*** Block opens ***

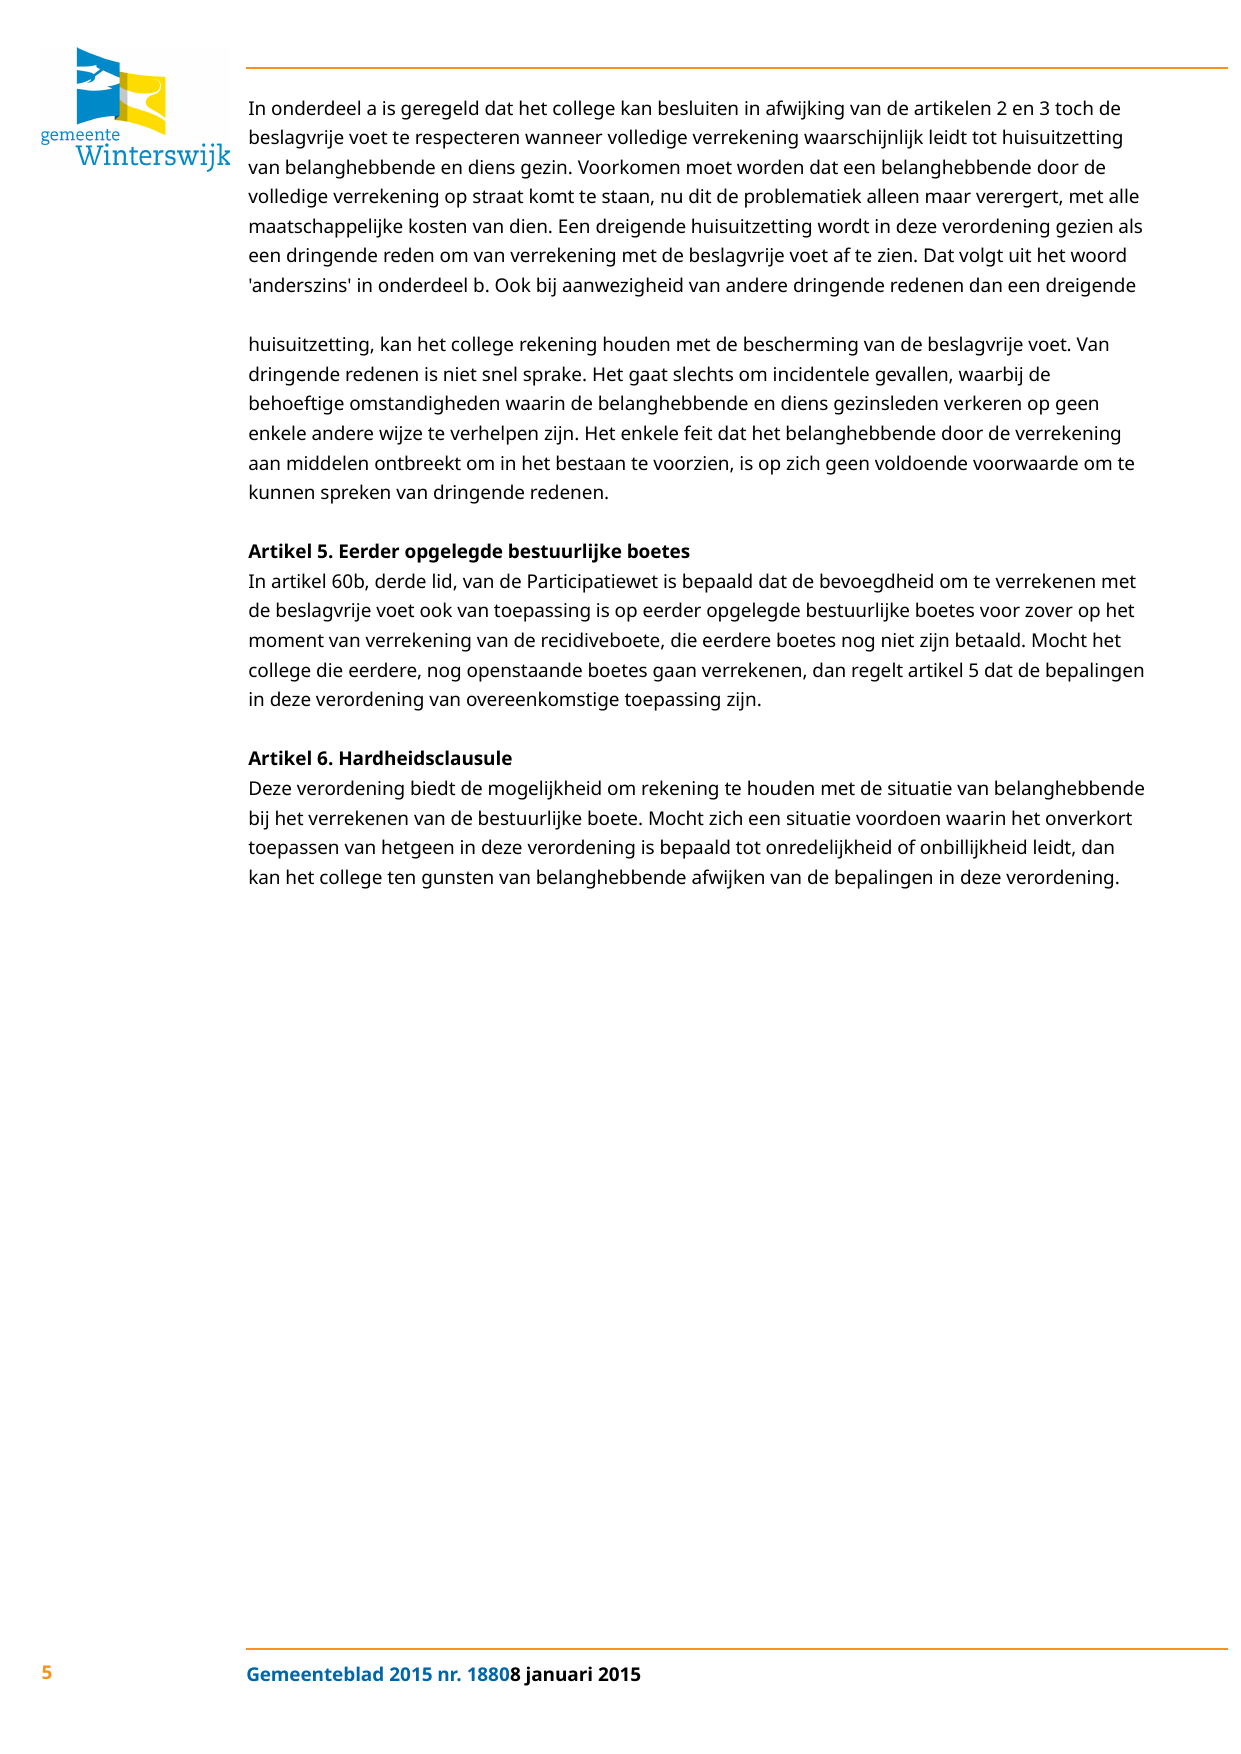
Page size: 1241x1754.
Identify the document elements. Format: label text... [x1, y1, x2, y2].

picture [41, 47, 231, 172]
text Deze verordening biedt de mogelijkheid om rekening te houden met de situatie van belanghebbende bij het verrekenen van de bestuurlijke boete. Mocht zich een situatie voordoen waarin het onverkort toepassen van hetgeen in deze verordening is bepaald tot onredelijkheid of onbillijkheid leidt, dan kan het college ten gunsten van belanghebbende afwijken van de bepalingen in deze verordening. [248, 775, 1152, 890]
text Artikel 6. Hardheidsclausule [248, 746, 1152, 771]
text In artikel 60b, derde lid, van de Participatiewet is bepaald dat de bevoegdheid om te verrekenen met de beslagvrije voet ook van toepassing is op eerder opgelegde bestuurlijke boetes voor zover op het moment van verrekening van de recidiveboete, die eerdere boetes nog niet zijn betaald. Mocht het college die eerdere, nog openstaande boetes gaan verrekenen, dan regelt artikel 5 dat de bepalingen in deze verordening van overeenkomstige toepassing zijn. [248, 568, 1152, 712]
text Artikel 5. Eerder opgelegde bestuurlijke boetes [248, 538, 1152, 564]
text huisuitzetting, kan het college rekening houden met de bescherming van de beslagvrije voet. Van dringende redenen is niet snel sprake. Het gaat slechts om incidentele gevallen, waarbij de behoeftige omstandigheden waarin de belanghebbende en diens gezinsleden verkeren op geen enkele andere wijze te verhelpen zijn. Het enkele feit dat het belanghebbende door de verrekening aan middelen ontbreekt om in het bestaan te voorzien, is op zich geen voldoende voorwaarde om te kunnen spreken van dringende redenen. [248, 331, 1152, 505]
picture [225, 153, 231, 162]
text In onderdeel a is geregeld dat het college kan besluiten in afwijking van de artikelen 2 en 3 toch de beslagvrije voet te respecteren wanneer volledige verrekening waarschijnlijk leidt tot huisuitzetting van belanghebbende en diens gezin. Voorkomen moet worden dat een belanghebbende door de volledige verrekening op straat komt te staan, nu dit de problematiek alleen maar verergert, met alle maatschappelijke kosten van dien. Een dreigende huisuitzetting wordt in deze verordening gezien als een dringende reden om van verrekening met de beslagvrije voet af te zien. Dat volgt uit het woord 'anderszins' in onderdeel b. Ook bij aanwezigheid van andere dringende redenen dan een dreigende [248, 95, 1152, 298]

*** Block closes ***

◆ **YOUR INSTRUCTIONS**: Skip the pictures, please, and transcribe only the lines from the beginning of the material through the one that contains "text Artikel 6.".

◆ **RESPONSE**:
Page size: 1241x1754.
Identify the document elements. Format: label text... [x1, y1, x2, y2].

picture [41, 47, 231, 172]
text Deze verordening biedt de mogelijkheid om rekening te houden met de situatie van belanghebbende bij het verrekenen van de bestuurlijke boete. Mocht zich een situatie voordoen waarin het onverkort toepassen van hetgeen in deze verordening is bepaald tot onredelijkheid of onbillijkheid leidt, dan kan het college ten gunsten van belanghebbende afwijken van de bepalingen in deze verordening. [248, 775, 1152, 890]
text Artikel 6. Hardheidsclausule [248, 746, 1152, 771]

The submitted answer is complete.